Fast noch schwerer zu erklären ist der Start von Apple Arcade: "Wann erscheint denn Apple Arcade?" – "19. September!" – "Super, dann kann ich ja die neuen Spiele auf meinem Mac ausprobieren!" – "Nein, weil du macOS Catalina brauchst" – "Aber Apple sagte doch, dass es auf allen Plattformen läuft?"…auch hier kann man es kaum einem Nutzer begreiflich machen, warum Apple nicht Apple Arcade einige Wochen später startet, wenn man tatsächlich das Versprechen erfüllen kann, dass der Spiele-Dienst auf allen Apple-Plattformen funktioniert.
Die Liste der Merkwürdigkeiten ist in diesem Herbst ist noch länger: Verschobene Mehrbenutzer-Funktionen beim HomePod, keine geteilten iCloud-Ordner in macOS Catalina oder iOS 13, noch kein genauer Termin für die Einführung von macOS Catalina…
Der Grund: iPhone als TaktgeberApple muss jedes Jahr im Herbst ein neues iPhone-Modell auf den Markt bringen – samt neuen Hardware- und Software-Features. Ohne ein neues Modell würde der Aktienkurs ins Bodenlose abrutschen, wenn Apple die Umsätze des Herbst- und Weihnachtsquartals bekannt gäbe. Selbst zwei Wochen Verzögerung würde für ein Einbrechen des Kurses sorgen – fehlen Einnahmen von zwei Wochen, sähe dies nicht gerade gut im Quartalsbericht aus.
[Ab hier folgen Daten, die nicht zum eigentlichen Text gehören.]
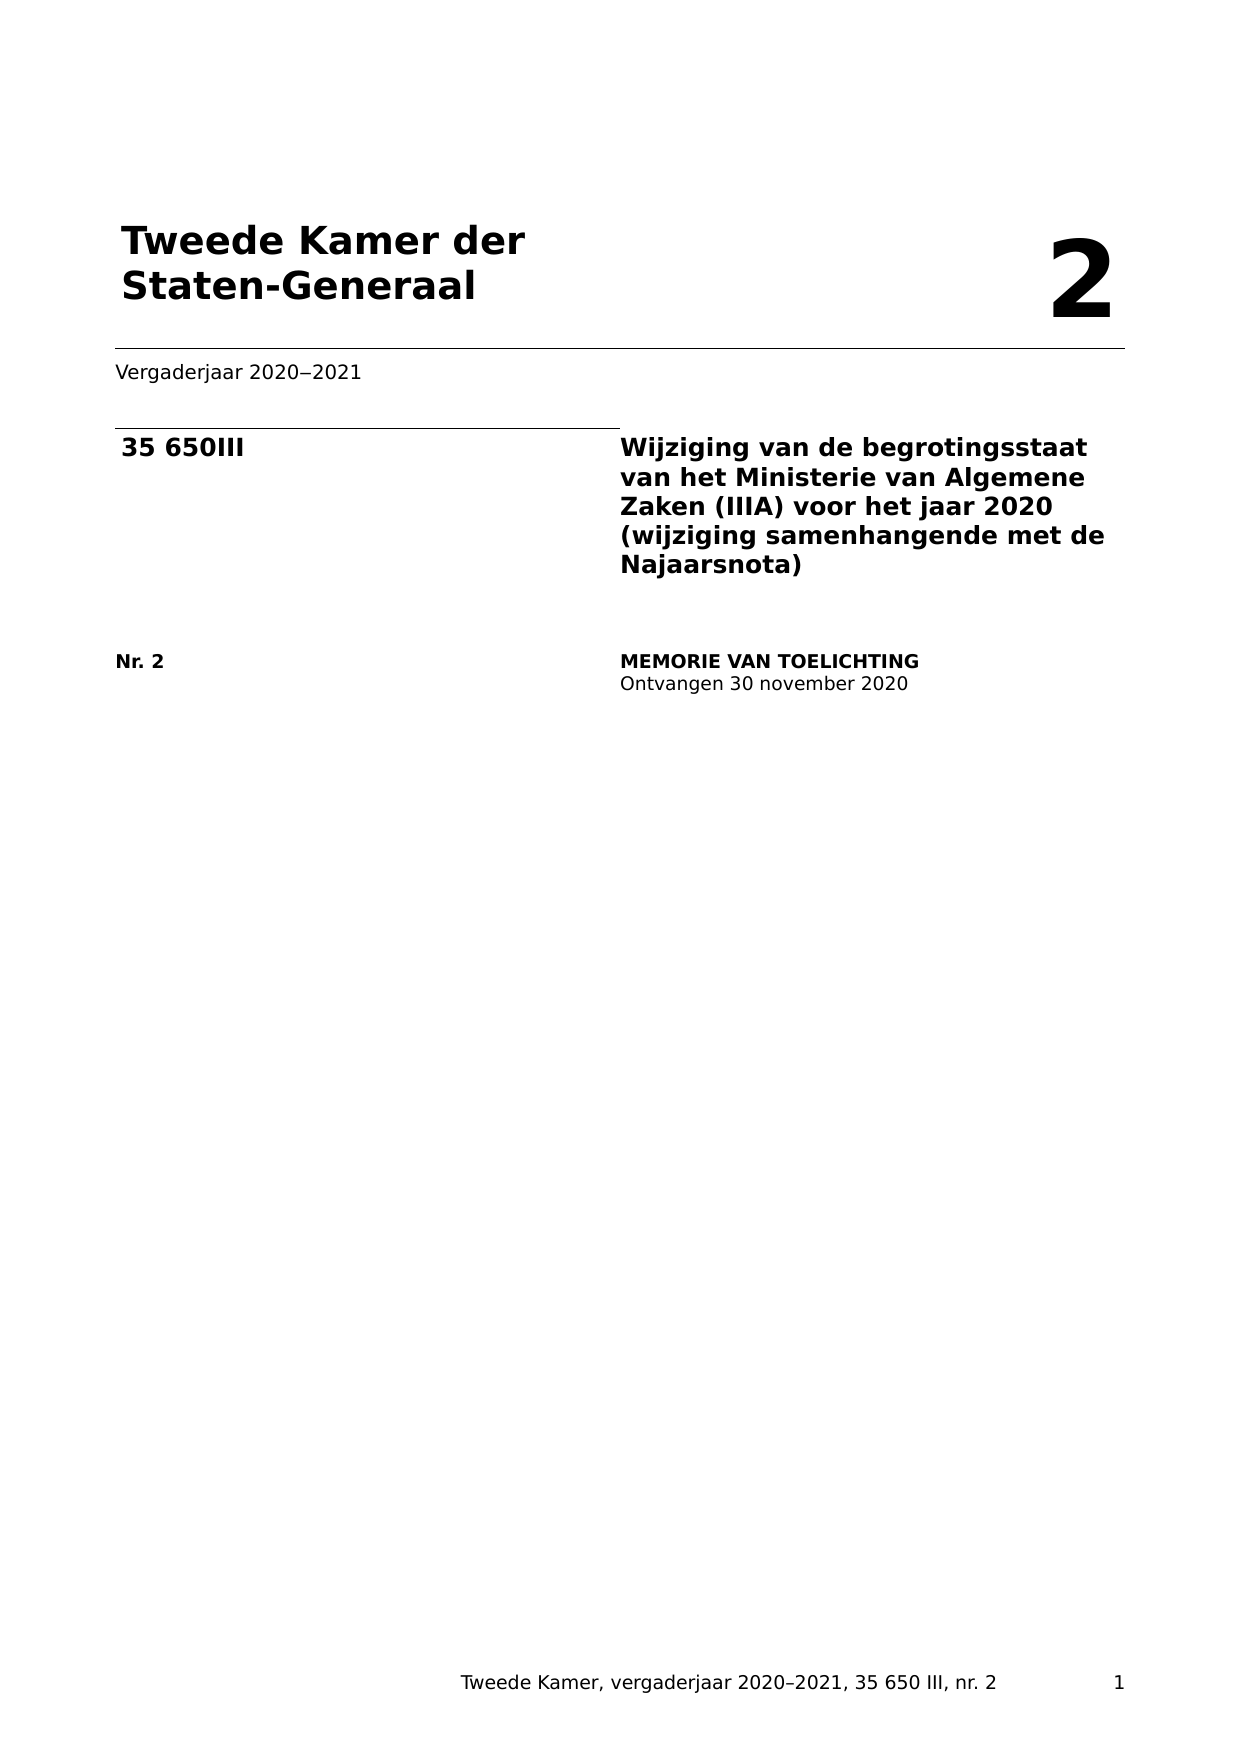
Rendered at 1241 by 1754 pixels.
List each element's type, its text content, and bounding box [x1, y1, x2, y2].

table_header MEMORIE VAN TOELICHTING Ontvangen 30 november 2020 [620, 651, 1125, 717]
table_header Wijziging van de begrotingsstaat van het Ministerie van Algemene Zaken (IIIA) voor het jaar 2020 (wijziging samenhangende met de Najaarsnota) [620, 428, 1125, 585]
table_cell Vergaderjaar 2020‒2021 [115, 349, 1125, 384]
table_header Nr. 2 [115, 651, 620, 717]
table_header 35 650III [115, 429, 620, 585]
table_header 2 [620, 213, 1125, 348]
table_header Tweede Kamer der Staten-Generaal [115, 213, 620, 348]

Dies bedeutet, dass aber zumindest iOS zum Release-Stichtag erscheinen muss – und wer schon einmal Software-Projekte durchgeführt oder gar geleitet hat, weiß, dass punktgenaue Entwicklung kaum möglich ist. Zu viel kann schiefgehen, selbst kleine Probleme werden oftmals zu unvorhersehbaren Zeitgräbern. Schon vor längerer Zeit hat sich Apple dazu entschlossen, die Plattformen wieder dichter zusammenzurücken und auch die Releases zu synchronisieren. Einerseits gut, da die Betriebssysteme sich in weiten Teilen ähneln oder gleichen – andererseits müssen mindestens ein halbes Dutzend Softwarepakete gleichzeitig fertig werden.
Einzige Lösung: Den Takt variabel gestaltenBislang liefen die Releases meist glimpflich mit entweder keinen oder nur kleineren Patzern und verschobenen Funktionen ab – doch es wird bei diesen Punktlandungen nur eine Frage der Zeit sein, bis Apple eine echte Katastrophe passiert.
Ob es Apple den Aktionären verkaufen kann, dass man fortan nicht mehr auf einen Stichtag hin entwickelt, sondern die Produkte dann vorstellt, wenn diese fertig und ausgereift sind und genug Innovationen mitbringen? Dies ist schwer vorauszusagen – Cook würde mit einer derartigen Aussage auf jeden Fall für einigen Wirbel sorgen. Aber Apple ist eine der wenigen Unternehmen, welches es sich tatsächlich leisten könnte, Produkte erst dann vorzustellen, wenn man echte Innovationen liefern kann statt kleine Produktevolution als Novum anzupreisen und kurz vor Release versprochene Features vertagen muss.